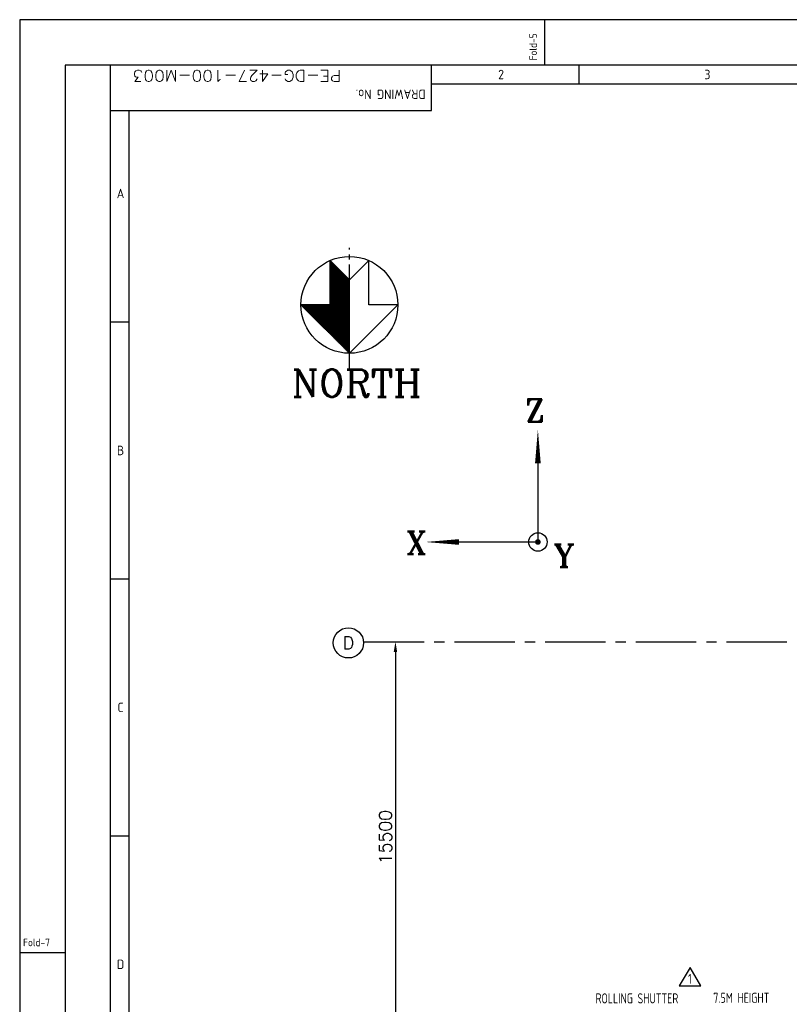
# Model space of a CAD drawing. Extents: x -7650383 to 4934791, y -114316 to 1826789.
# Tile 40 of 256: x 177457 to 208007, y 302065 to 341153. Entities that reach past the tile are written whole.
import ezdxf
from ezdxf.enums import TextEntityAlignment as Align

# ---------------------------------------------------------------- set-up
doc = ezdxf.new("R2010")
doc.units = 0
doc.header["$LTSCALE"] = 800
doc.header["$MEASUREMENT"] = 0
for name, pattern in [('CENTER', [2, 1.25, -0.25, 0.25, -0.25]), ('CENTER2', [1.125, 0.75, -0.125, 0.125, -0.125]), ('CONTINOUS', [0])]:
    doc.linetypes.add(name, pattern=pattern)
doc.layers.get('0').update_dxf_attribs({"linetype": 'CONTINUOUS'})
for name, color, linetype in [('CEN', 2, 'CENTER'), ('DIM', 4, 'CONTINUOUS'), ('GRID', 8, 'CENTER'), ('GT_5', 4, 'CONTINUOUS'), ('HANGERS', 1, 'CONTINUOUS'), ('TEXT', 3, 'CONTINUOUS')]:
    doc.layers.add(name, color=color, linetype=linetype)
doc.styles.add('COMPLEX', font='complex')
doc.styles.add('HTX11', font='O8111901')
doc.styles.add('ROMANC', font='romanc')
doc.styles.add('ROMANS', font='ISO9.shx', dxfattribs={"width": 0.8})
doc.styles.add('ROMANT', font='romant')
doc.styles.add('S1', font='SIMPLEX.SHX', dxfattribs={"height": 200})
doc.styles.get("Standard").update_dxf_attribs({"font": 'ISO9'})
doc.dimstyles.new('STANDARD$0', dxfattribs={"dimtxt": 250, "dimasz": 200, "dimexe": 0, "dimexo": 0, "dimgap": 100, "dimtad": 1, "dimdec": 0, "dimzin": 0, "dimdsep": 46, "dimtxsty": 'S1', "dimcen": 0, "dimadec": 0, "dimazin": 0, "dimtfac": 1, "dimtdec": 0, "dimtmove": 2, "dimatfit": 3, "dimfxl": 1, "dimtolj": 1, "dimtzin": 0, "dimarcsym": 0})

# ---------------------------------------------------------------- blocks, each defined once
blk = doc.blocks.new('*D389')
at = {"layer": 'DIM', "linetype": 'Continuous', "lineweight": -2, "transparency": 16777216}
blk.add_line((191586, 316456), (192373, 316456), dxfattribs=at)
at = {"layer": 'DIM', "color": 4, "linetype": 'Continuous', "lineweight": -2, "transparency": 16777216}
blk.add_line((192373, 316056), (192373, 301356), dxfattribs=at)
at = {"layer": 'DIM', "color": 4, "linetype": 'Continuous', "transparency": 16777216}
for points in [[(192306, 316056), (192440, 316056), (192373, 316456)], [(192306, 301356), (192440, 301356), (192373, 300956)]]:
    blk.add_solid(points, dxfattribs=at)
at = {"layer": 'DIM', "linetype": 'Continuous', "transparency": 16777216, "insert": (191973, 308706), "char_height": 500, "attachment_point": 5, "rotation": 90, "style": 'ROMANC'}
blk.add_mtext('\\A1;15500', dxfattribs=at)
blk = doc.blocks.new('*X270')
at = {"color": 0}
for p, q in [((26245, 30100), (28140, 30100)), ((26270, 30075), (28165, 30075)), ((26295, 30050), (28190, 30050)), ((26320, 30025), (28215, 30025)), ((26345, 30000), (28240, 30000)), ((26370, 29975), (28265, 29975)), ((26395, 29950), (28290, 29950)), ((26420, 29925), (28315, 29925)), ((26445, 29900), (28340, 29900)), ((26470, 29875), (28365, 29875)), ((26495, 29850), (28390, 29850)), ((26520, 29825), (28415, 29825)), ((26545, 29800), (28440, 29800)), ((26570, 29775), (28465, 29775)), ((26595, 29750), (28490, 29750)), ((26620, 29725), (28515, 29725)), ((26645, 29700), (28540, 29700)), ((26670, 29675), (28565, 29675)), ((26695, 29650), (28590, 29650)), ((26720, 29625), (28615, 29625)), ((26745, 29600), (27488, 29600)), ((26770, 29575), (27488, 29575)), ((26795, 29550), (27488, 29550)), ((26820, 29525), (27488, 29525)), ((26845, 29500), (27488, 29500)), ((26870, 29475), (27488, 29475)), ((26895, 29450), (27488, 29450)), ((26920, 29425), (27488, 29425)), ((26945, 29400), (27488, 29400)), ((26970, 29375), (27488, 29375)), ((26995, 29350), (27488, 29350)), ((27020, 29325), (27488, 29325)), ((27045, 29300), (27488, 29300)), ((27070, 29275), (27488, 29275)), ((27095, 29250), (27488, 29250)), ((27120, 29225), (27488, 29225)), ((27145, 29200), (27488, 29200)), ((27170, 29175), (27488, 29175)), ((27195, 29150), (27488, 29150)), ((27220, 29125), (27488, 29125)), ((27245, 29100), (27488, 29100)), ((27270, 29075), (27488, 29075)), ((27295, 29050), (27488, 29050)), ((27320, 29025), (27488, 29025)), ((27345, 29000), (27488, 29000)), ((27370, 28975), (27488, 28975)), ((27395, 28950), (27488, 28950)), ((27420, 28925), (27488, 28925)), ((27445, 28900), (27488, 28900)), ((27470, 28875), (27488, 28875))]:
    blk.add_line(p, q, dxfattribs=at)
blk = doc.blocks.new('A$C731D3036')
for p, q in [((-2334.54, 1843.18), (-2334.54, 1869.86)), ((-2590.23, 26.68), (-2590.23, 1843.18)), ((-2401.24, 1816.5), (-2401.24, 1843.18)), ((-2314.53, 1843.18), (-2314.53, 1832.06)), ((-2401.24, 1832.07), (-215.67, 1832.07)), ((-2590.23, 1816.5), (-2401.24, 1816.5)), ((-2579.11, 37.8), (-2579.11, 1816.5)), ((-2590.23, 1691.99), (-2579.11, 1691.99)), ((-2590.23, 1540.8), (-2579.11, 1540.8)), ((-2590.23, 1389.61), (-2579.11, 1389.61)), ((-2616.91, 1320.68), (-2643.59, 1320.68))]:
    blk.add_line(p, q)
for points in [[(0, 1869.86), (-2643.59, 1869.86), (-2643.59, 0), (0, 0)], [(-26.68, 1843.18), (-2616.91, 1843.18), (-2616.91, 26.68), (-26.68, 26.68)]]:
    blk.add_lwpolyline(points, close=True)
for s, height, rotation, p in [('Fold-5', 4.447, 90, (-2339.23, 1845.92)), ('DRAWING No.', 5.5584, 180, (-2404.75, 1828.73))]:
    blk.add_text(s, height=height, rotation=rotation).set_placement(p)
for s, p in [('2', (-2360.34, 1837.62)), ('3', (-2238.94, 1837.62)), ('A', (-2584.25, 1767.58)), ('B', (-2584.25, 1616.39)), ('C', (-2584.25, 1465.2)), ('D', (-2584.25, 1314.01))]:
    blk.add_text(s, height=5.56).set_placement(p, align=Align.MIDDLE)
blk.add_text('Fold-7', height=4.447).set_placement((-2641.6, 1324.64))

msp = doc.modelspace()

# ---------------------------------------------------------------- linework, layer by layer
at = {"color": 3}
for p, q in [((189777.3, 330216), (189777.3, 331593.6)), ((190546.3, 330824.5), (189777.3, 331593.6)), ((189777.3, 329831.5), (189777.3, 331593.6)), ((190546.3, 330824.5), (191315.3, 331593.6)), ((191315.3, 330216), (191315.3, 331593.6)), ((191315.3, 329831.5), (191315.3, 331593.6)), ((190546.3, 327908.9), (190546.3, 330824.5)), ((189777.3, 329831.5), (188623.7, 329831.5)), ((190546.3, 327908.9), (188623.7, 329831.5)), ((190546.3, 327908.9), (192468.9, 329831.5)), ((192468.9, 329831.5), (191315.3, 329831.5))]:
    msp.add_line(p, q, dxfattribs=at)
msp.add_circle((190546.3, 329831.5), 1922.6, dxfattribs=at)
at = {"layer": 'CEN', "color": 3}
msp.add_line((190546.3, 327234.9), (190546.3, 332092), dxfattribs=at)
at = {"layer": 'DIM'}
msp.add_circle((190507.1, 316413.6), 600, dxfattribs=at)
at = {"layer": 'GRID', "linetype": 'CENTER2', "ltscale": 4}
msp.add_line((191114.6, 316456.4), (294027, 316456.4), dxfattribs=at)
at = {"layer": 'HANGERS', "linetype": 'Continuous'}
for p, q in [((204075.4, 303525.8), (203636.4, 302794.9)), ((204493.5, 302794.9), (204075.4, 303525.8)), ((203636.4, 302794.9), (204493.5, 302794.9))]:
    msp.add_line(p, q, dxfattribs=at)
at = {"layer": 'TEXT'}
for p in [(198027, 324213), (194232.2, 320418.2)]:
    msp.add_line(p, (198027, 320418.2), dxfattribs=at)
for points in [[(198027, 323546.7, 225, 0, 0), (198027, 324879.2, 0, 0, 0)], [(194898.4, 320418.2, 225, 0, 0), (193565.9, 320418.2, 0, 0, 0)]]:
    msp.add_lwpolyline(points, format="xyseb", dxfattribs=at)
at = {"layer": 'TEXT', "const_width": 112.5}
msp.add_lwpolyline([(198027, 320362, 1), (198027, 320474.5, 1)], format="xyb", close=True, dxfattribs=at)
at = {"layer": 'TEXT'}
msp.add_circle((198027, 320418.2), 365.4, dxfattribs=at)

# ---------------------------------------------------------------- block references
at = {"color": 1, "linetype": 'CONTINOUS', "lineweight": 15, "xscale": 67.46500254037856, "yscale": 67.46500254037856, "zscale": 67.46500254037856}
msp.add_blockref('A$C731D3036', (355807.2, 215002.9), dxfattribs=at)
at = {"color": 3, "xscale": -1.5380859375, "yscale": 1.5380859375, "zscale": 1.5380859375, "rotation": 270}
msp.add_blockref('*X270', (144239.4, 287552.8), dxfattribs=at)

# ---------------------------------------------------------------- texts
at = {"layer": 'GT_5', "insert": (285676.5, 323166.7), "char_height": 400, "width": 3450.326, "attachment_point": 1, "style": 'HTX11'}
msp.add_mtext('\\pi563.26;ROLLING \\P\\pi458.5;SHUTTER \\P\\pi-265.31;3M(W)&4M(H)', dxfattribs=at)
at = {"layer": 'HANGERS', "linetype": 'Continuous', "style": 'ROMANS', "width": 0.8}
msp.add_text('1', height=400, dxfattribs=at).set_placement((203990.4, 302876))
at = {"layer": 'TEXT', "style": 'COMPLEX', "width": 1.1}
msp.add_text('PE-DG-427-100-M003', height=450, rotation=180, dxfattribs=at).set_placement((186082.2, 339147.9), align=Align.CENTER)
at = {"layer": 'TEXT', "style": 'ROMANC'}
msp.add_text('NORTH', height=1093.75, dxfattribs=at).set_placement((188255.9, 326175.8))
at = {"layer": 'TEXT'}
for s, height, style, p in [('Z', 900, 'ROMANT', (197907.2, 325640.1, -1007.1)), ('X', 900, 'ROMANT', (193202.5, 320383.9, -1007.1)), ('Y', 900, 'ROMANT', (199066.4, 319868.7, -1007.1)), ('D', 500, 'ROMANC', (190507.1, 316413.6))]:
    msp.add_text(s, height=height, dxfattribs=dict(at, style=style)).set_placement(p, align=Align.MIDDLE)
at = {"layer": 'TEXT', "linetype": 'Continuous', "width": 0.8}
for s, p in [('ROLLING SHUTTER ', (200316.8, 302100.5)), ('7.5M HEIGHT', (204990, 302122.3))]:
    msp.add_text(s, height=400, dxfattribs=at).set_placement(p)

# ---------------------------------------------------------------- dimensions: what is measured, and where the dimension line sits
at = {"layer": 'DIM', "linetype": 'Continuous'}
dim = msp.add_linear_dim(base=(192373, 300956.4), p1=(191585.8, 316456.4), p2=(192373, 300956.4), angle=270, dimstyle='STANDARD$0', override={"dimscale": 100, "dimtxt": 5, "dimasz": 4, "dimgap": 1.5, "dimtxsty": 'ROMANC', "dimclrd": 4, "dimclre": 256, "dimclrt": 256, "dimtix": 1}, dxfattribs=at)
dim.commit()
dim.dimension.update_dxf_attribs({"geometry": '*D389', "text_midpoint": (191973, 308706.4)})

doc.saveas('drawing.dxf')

################

▶ **DESCRIPTION OF THE TASK**
Which lines in the material above include the string "pattern"? Pull them out.

▶ **RESPONSE TO THIS EXERCISE**
for name, pattern in [('CENTER', [2, 1.25, -0.25, 0.25, -0.25]), ('CENTER2', [1.125, 0.75, -0.125, 0.125, -0.125]), ('CONTINOUS', [0])]:
    doc.linetypes.add(name, pattern=pattern)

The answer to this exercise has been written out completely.